Things aren’t all bad as far as the story goes however, as it’s written and delivered well. A narrator with a delicious voice takes you through the whole journey and occasionally provides brief excerpts for the areas you’re exploring.

There is also a codex with detailed information about each area and the backgrounds of the Bergsons. I’m a big fan of stories being delivered without laborious exposition dumps, and I appreciated having the additional information tucked away to read at my leisure.

john

Taking a look at gameplay we see what is the biggest win for Morta: the Bergson family itself. There are a total of six different characters you’ll play as over the course of the game. Each fits a common archetype such as John the sword and shield wielding warrior, or Lucy a fireball slinging mage. They all have a unique mechanic and attacking style. For instance John can block attacks, but has reduced mobility. These different play-styles add much needed variety to each trek through the dungeons.

The Bergsons also work as a family unit when it comes to upgrades. Stat increases and a subset of passive skills can be purchased between dungeons. Every single upgrade is applied to all members of the family meaning each foray into a dungeon has value for everyone.

The leveling system works in a similar vein. As the Bergsons level up they gain skill points, which can be spent on permanent character specific upgrades. Upon investing a set number of points, a passive skill will be unlocked which benefits all the members of the family. These skills include small passive bonuses such as movement speed, or critical hit rate, but get progressively better at higher levels to include a variety of “block a fatal attack” skills and passive health regeneration. Morta wants to make sure that each run, even if it ends in failure, provides players with benefit to the Bergson brood.

skills

While these systems heavily emphasize the family aspect of Morta it also accentuates repetitive dungeon design. Dungeons are split into three zones each featuring their own unique enemies and traps with a shared set of corrupted enemies. Almost all of these potential threats only have a single attack meaning they’re entirely brainless to dispatch. The handful of exceptions are those enemies which feature both a ranged and melee attack. This, combined with similar looking dungeon layouts, leads to a lot of Morta feeling like you’re repeating yourself in an effort to empower the Bergsons.

The shared upgrade and skill system also naturally lends itself to rewarding grinding. When you can empower everyone by leveling each member of the group individually you’d be foolish not to. To avoid repetition you’d have to go against Morta’s core loop enacting a self-imposed hard mode. This leads to the game becoming increasingly repetitive the longer you play it.

lethal

The last two areas I wanted to cover are related to art. Anyone who has read a handful of my stuff should know I really like pixel art. Look at this game. Look at it! That is some high quality pixel art. The backgrounds are incredibly detailed making Morta look fantastic. Characters and enemies have a more simplistic design to provide contrast against the heavily detailed backdrops. The art comes across as both stylish and functional. Magnificent.

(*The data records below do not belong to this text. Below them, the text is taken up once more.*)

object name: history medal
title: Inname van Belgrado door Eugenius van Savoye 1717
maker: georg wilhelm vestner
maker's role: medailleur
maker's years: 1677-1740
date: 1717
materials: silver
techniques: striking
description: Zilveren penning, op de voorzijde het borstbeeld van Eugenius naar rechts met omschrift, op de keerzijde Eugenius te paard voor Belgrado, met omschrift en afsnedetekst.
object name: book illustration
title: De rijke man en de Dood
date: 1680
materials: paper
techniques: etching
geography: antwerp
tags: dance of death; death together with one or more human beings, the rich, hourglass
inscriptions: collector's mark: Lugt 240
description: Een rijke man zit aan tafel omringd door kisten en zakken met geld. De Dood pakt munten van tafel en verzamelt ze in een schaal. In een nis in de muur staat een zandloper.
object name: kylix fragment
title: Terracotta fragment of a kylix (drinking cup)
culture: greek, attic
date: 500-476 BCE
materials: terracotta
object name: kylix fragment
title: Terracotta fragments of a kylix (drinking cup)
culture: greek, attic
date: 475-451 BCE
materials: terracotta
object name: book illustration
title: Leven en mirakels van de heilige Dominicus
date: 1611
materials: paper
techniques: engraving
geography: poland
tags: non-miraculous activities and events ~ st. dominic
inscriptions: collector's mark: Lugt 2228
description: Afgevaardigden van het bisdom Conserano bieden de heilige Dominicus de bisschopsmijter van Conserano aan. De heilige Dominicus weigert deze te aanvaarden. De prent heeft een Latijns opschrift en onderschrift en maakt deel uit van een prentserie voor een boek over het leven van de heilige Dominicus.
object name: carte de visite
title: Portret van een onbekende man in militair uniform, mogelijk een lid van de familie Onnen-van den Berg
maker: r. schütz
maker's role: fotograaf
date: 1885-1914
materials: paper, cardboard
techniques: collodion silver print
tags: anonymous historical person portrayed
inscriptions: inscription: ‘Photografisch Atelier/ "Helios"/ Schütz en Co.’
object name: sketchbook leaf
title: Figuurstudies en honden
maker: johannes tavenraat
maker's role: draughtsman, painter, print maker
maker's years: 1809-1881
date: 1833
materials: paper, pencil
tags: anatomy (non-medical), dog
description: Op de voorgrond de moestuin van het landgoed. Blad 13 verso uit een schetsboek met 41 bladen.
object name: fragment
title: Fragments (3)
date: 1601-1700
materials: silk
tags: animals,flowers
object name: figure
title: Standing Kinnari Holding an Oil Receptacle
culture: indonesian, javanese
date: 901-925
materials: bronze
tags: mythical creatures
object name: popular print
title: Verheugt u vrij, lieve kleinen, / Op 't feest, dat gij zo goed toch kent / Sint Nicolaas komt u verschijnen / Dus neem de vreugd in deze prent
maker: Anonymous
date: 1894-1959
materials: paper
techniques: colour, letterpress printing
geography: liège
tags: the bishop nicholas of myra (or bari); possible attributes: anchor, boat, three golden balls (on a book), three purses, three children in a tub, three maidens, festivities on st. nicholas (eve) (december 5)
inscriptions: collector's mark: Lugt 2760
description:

The visuals are not without a very major flaw however. The entire game has some wicked motion blur, which can’t be disabled. This turns the detailed backdrops into a blur of colour every time you start to move around. It also gave me repeated headaches while playing. I’ve stated it before, but I have an acute motion sickness problem. As such this isn’t likely to bother the bulk of players, but did limit the amount of time I could put into Morta in a single session before I needed to lay down to rest.

arrows

Children of Morta is an alright game, but it’s not a game for me. It’s a shame as I really liked aspects of the writing, the family gameplay gimmicks, and the art. None of this could entirely make up for how disconnected the story ends up feeling from the rest of the game, and how the gameplay eventually devolves into a lot of repetitive grinding. It’s alright, and I can see why some like it, but these aspects hold Children of Morta back from really shining.